Iron nitride nanoparticles for rapid dechlorination of mixed chlorinated ethene contamination

Miroslav Brumovský; Vesna Micić; Jana Oborná; Jan Filip; Thilo Hofmann; Daniel Tunega

doi:10.1016/j.jhazmat.2022.129988

Iron nitride nanoparticles for rapid dechlorination of mixed chlorinated ethene contamination

J Hazard Mater. 2023 Jan 15:442:129988. doi: 10.1016/j.jhazmat.2022.129988. Epub 2022 Sep 15.

Authors

Miroslav Brumovský¹, Vesna Micić², Jana Oborná³, Jan Filip³, Thilo Hofmann², Daniel Tunega⁴

Affiliations

¹ University of Natural Resources and Life Sciences, Vienna, Department of Forest, and Soil Sciences, Institute of Soil Research, Peter-Jordan-Straße 82, 1190 Vienna, Austria; Department of Environmental Geosciences (EDGE), Centre for Microbiology and Environmental Systems Science, University of Vienna, Josef-Holaubek-Platz 2, UZA II, 1090 Vienna, Austria; Regional Centre of Advanced Technologies and Materials, Czech Advanced Technology and Research Institute (CATRIN), Palacký University, Šlechtitelů 27, 779 00 Olomouc, Czech Republic. Electronic address: miroslav.brumovsky@boku.ac.at.
² Department of Environmental Geosciences (EDGE), Centre for Microbiology and Environmental Systems Science, University of Vienna, Josef-Holaubek-Platz 2, UZA II, 1090 Vienna, Austria.
³ Regional Centre of Advanced Technologies and Materials, Czech Advanced Technology and Research Institute (CATRIN), Palacký University, Šlechtitelů 27, 779 00 Olomouc, Czech Republic.
⁴ University of Natural Resources and Life Sciences, Vienna, Department of Forest, and Soil Sciences, Institute of Soil Research, Peter-Jordan-Straße 82, 1190 Vienna, Austria.

PMID: 36155299
DOI: 10.1016/j.jhazmat.2022.129988

Abstract

Sulfidation and, more recently, nitriding have been recognized as promising modifications to enhance the selectivity of nanoscale zero-valent iron (nZVI) particles for trichloroethene (TCE).

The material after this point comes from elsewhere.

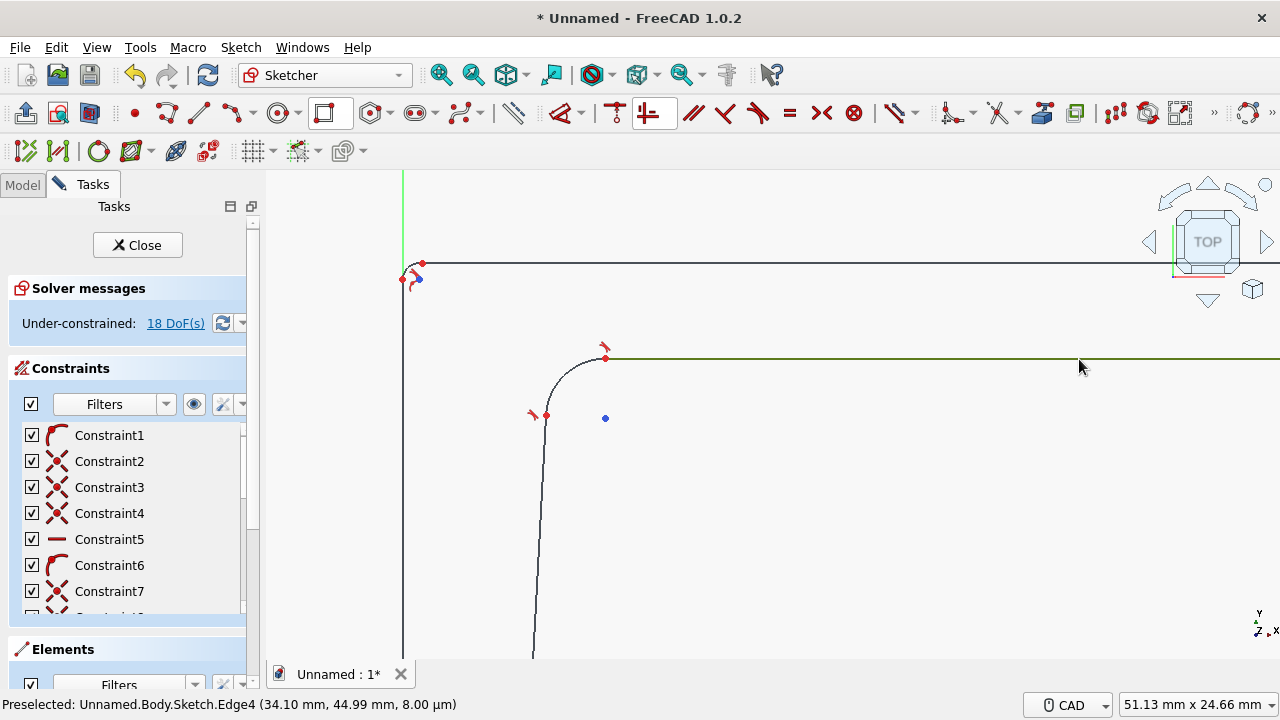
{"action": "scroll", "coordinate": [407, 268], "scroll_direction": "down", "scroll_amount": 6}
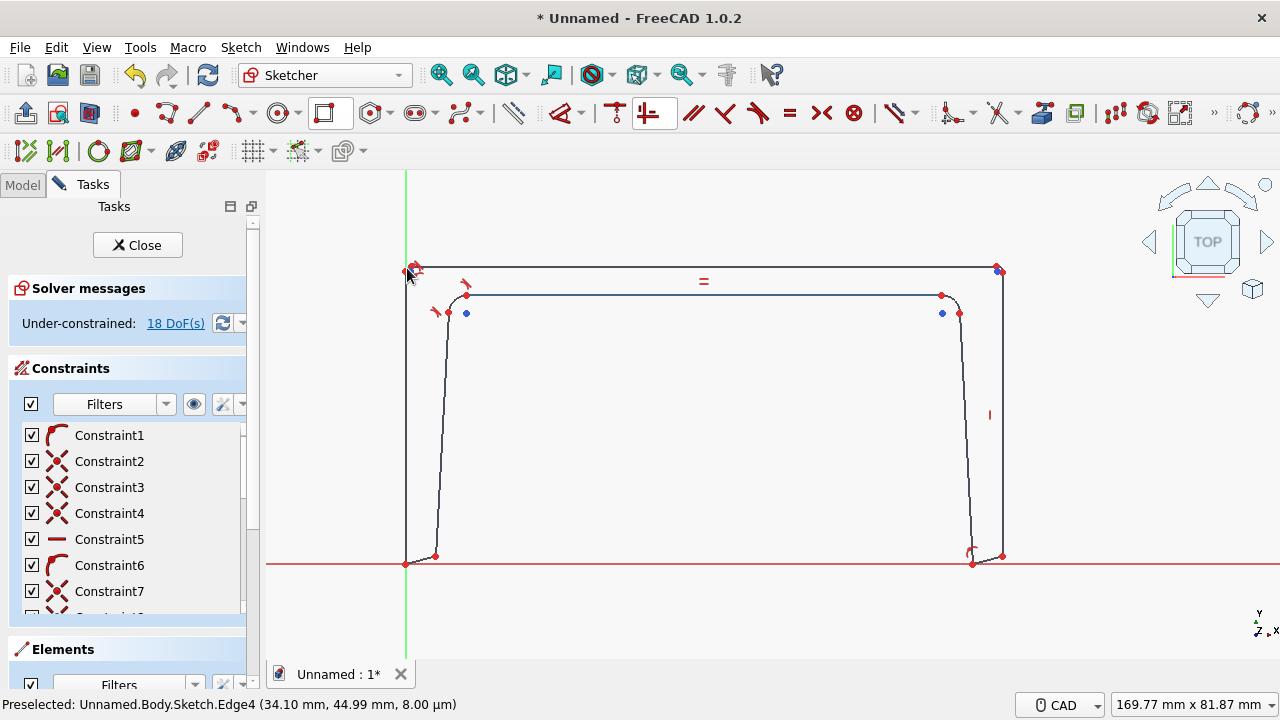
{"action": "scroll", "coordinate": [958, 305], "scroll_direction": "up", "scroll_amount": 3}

Herein, we investigated the performance of iron nitride (Fe_xN) nanoparticles in the removal of a broader range of chlorinated ethenes (CEs), including tetrachloroethene (PCE), cis-1,2-dichloroethene (cis-DCE), and their mixture with TCE, and compared it to the performance of sulfidated nZVI (S-nZVI) prepared from the same precursor nZVI. Two distinct types of iron nitride (Fe_xN) nanoparticles, containing γ'-Fe₄N and ε-Fe_2-3N phases, exhibited substantially higher PCE and cis-DCE dechlorination rates compared to S-nZVI. A similar effect was observed with a CE mixture, which was completely dechlorinated by both types of Fe_xN nanoparticles within 10 days, whereas S-nZVI was able to remove only about half of the amount, most of which being TCE. Density functional theory calculations further revealed that the cleavage of the first C-Cl bond was the rate-limiting step for all CEs dechlorinated on the γ'-Fe₄N(001) surface, with the reaction barriers of PCE and cis-DCE being 29.9, and 40.8 kJ mol^-1, respectively. Fe_xN nanoparticles proved to be highly effective in the remediation of PCE, cis-DCE, and mixed CE contamination.

Keywords: Chlorinated ethenes; Iron nitride; Molecular modeling; Nanoparticles; Sulfidation.